Firstly, the majority emphasise the fact that the Government did not produce examples of case-law proving the effectiveness of the domestic remedies. However, it is not clear under which circumstances such an obligation arises for respondent governments. In this context, it was necessary to give some explanations on this point. In my view, governments have to provide examples of case-law proving the effectiveness of the remedy in particular where:
(1) the remedy in question appears at face value to be ineffective (this is the case with the constitutional complaint in the instant case); or
(2) the applicant has provided convincing explanations that the remedy would have been ineffective in the specific circumstances of his or her case.
Secondly, the majority stress that there was no domestic decision recognising that the applicant ’ s detention was unlawful. What is relevant however is not whether there was such recognition or not but whether the applicant had a domestic remedy by which to obtain such recognition. The lack of recognition is not an excuse if the applicant could have used a remedy for the purpose of securing such recognition.

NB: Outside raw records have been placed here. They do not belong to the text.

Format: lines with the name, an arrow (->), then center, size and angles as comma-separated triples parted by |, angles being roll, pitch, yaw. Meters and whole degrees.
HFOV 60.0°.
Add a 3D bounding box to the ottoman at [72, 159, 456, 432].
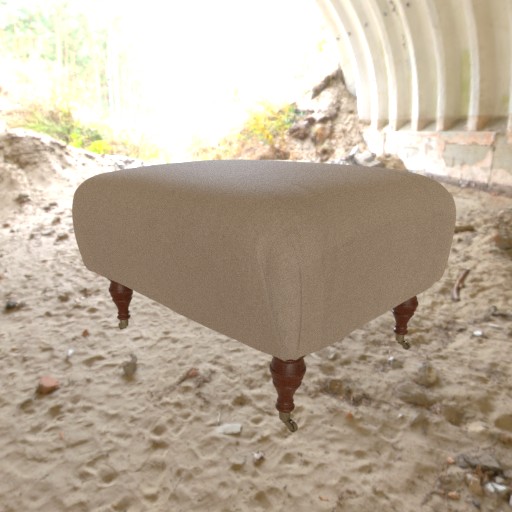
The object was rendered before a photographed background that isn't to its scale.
ottoman -> 0.000, 0.000, 1.075 | 0.746, 0.450, 0.622 | 15, 22, 42
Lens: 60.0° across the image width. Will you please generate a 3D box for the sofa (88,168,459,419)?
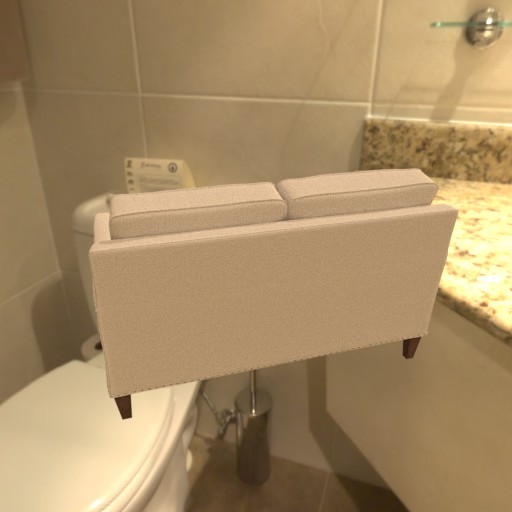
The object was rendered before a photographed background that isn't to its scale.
[{"bbox_3d":[0.000,0.000,2.298,1.597,1.003,1.084,-7,26,-15],"label":"sofa"}]
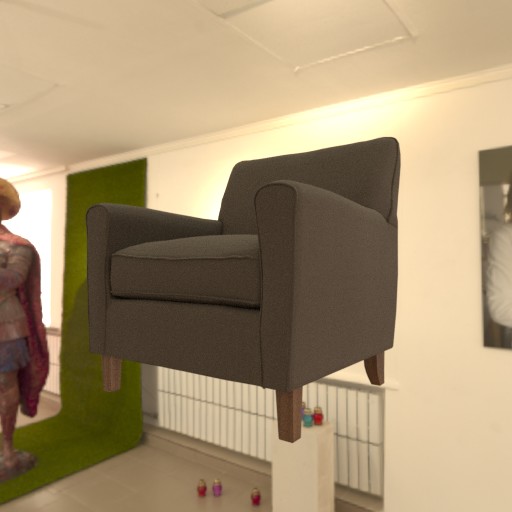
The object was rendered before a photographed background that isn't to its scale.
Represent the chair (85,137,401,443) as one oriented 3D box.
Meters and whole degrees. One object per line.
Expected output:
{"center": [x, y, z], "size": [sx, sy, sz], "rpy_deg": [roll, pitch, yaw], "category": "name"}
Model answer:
{"center": [0.000, 0.000, 1.592], "size": [0.836, 0.911, 0.831], "rpy_deg": [-1, -1, 36], "category": "chair"}
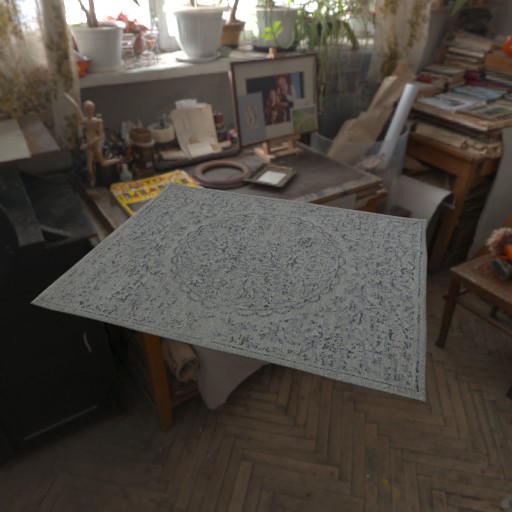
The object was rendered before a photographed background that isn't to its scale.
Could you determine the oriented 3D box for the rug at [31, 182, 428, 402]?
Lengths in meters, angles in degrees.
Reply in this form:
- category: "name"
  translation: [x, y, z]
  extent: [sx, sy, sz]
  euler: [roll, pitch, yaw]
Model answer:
- category: "rug"
  translation: [0.000, 0.000, 3.965]
  extent: [2.925, 0.026, 2.343]
  euler: [10, 35, 15]
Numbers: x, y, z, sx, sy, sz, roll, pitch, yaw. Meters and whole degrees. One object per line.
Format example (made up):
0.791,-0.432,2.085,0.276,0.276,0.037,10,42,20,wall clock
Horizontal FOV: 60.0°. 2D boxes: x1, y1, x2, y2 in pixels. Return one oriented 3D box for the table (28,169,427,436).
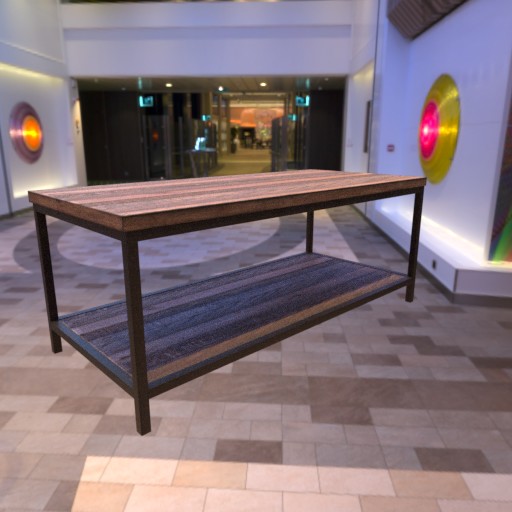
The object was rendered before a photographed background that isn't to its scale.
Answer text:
0.000,0.000,1.220,0.990,0.399,0.452,-14,20,-41,table
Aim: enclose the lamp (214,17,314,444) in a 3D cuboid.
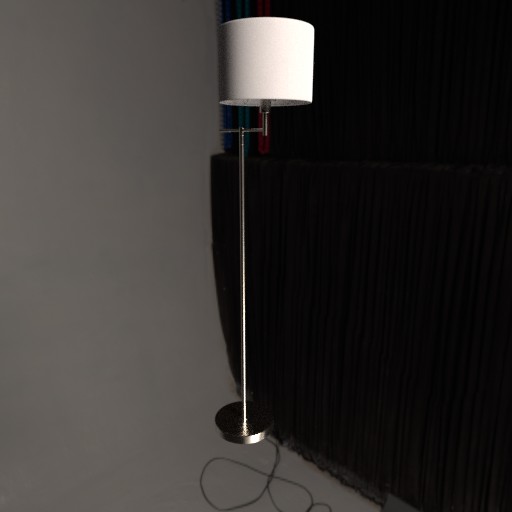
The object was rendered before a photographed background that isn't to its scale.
[{"bbox_3d":[0.000,0.000,1.735,0.416,1.600,0.324,14,20,42],"label":"lamp"}]
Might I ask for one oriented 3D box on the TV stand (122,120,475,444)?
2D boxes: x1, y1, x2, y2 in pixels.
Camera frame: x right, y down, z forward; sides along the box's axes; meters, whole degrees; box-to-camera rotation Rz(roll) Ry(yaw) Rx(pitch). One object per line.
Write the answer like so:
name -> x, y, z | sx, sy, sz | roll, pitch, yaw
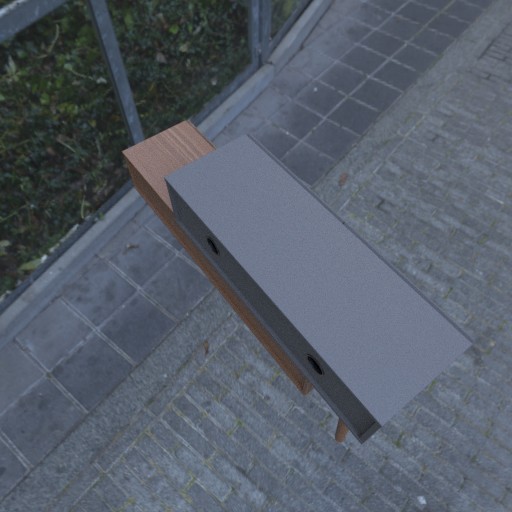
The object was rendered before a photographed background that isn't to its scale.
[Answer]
TV stand -> 0.000, 0.000, 1.556 | 0.329, 0.591, 1.336 | -33, 63, -19
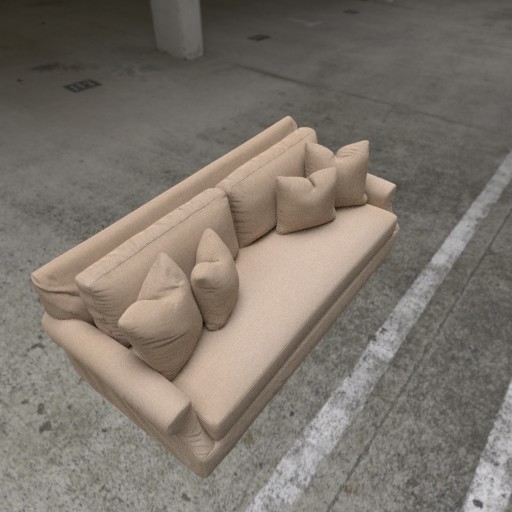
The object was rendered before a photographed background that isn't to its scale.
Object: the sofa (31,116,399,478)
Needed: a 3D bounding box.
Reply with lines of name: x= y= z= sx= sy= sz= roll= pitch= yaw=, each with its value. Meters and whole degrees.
sofa: x=0.000 y=0.000 z=2.721 sx=1.067 sy=0.904 sz=2.285 roll=27 pitch=48 yaw=27

Has the case-law of the Court developed and stated general rules pertaining to the exhaustion of domestic remedies which fulfil the standards of “adequate safeguards against arbitrariness” and “quality of law” spelled out in paragraph 74 of the judgment?

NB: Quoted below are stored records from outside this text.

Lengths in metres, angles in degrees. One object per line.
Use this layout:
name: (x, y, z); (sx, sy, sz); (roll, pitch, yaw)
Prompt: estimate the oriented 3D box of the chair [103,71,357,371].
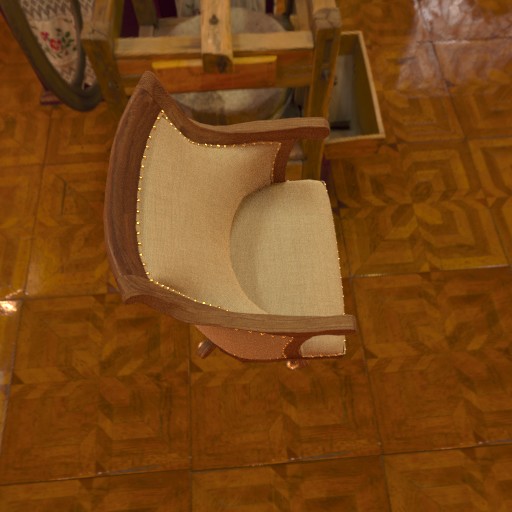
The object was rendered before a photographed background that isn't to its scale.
chair: (0.000, 0.000, 1.425); (0.689, 0.965, 0.656); (-2, 65, -1)
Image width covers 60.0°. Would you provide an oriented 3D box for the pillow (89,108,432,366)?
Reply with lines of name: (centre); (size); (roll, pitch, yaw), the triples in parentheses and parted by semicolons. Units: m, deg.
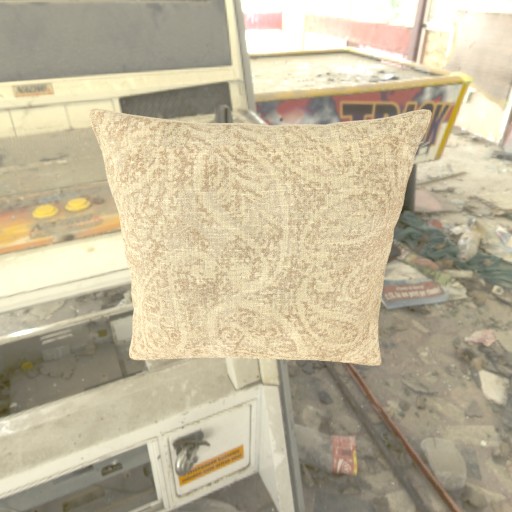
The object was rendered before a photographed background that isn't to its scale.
pillow: (0.000, 0.000, 0.793); (0.523, 0.510, 0.166); (1, 31, 1)
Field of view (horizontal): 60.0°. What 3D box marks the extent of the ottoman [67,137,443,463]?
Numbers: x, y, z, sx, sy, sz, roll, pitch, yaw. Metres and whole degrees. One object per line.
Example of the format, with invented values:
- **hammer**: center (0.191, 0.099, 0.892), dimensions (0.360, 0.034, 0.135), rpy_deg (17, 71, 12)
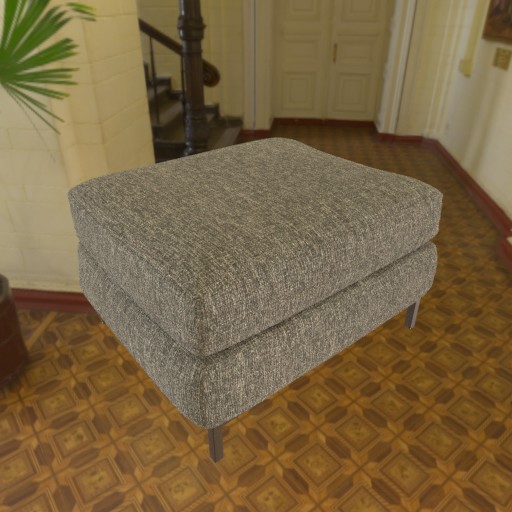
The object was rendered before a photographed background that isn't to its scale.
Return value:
- **ottoman**: center (0.000, 0.000, 1.229), dimensions (0.828, 0.480, 0.683), rpy_deg (-22, 37, -33)
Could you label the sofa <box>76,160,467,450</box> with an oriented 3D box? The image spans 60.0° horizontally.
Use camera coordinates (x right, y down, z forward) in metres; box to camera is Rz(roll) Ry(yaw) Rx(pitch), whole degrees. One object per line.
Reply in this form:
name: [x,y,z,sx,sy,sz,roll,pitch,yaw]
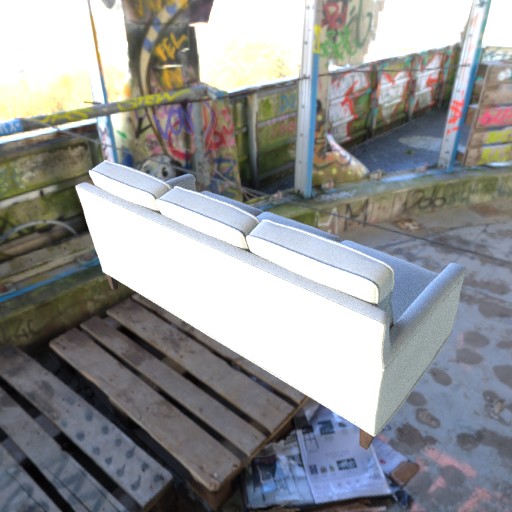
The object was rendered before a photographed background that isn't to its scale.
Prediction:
sofa: [0.000,0.000,2.782,2.246,1.003,1.084,23,38,34]
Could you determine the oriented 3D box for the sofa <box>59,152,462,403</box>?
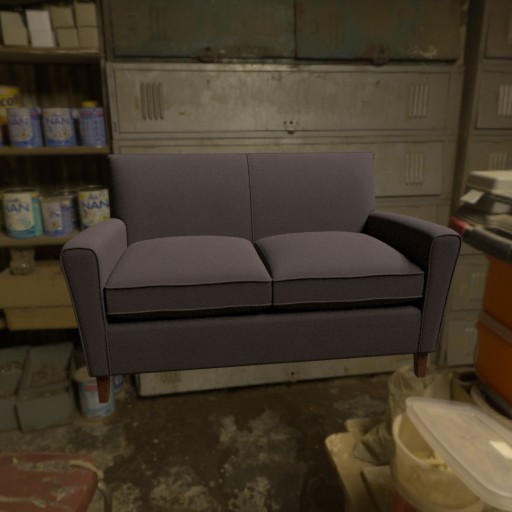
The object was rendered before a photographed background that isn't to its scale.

3. Concerning the substance, I agree that there has been a violation of Article 5 § 1. The domestic courts established that the time-limit for remand custody started to run on 13 March 200 9 and expired before 7 February 2011 (see paragraphs 25-28). It is obvious that after the time-limit set forth in national legislation the detention on remand became unlawful.

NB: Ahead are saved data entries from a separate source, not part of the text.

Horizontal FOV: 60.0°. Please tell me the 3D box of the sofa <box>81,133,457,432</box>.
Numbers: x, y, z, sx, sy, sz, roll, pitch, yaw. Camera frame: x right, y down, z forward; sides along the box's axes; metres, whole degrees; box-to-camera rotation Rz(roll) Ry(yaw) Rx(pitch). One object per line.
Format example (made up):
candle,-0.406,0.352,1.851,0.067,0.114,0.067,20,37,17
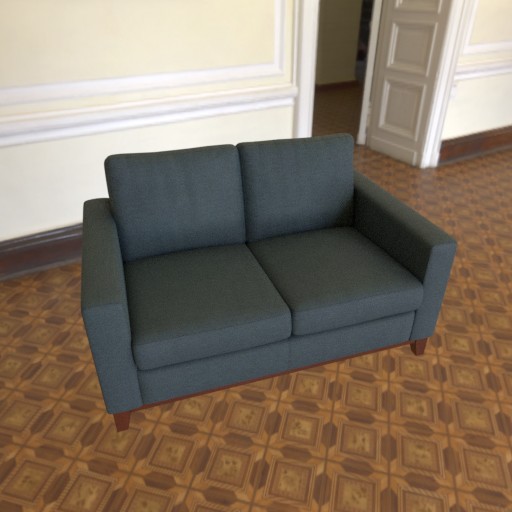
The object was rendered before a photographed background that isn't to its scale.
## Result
sofa,0.000,0.000,2.088,1.489,0.903,0.955,-10,33,-15
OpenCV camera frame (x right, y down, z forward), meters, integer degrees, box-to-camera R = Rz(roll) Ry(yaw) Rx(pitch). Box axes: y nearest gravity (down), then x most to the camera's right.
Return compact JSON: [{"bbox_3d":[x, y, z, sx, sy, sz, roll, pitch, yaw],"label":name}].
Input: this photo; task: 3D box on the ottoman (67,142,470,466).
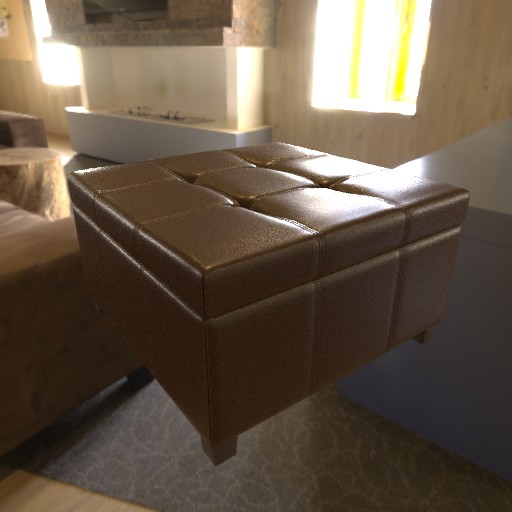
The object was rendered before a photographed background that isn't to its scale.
[{"bbox_3d":[0.000,0.000,1.273,0.787,0.460,0.788,-17,30,-32],"label":"ottoman"}]

The majority find that Albanian legislation lacks clarity and foreseeability (paragraph 74). This is a serious allegation. I am not persuaded by it. It would have required a very thorough analysis of the content of the law in the light of the principles of interpretation recognised in the Albanian legal system. It would also have required a comprehensive assessment of the domestic case-law and practice.
In this context, I would like to make three observations. Firstly, a legal provision which may be interpreted in two or more different ways by the courts is not automatically incompatible with the requirements of precision, clarity and foreseeability. Likewise,, the fact that different courts had different views concerning the interpretation of the same provision of domestic law can never suffice per se to disqualify it from the viewpoint of the Convention.
Secondly, one has to distinguish between typical and atypical situations to which legal provisions apply. I note that the facts of the instant case are atypical since one of the co-accused was a Cabinet minister who had to be tried by the Supreme Court. The interpretative difficulties seem to have arisen only because of the unusual circumstances of the case. The fact that the legislator was not able to foresee all atypical circumstances, under which the application of the legal provision might become problematic, does not per se disqualify this provision as lacking precision and clarity.
Thirdly, in the instant case problems with the application of the impugned provision were ultimately resolved by the domestic courts. It has not been shown that there is a real risk that such interpretive difficulties will persist in the future in similar cases.
To sum up, when applying the standards of precision, clarity and foreseeability of legislation it is necessary to take into account the inherent features of the legal language. I regret that the majority decided to set standards of good legislation which seem to disregard the teachings of the practical experience of writing legal provisions.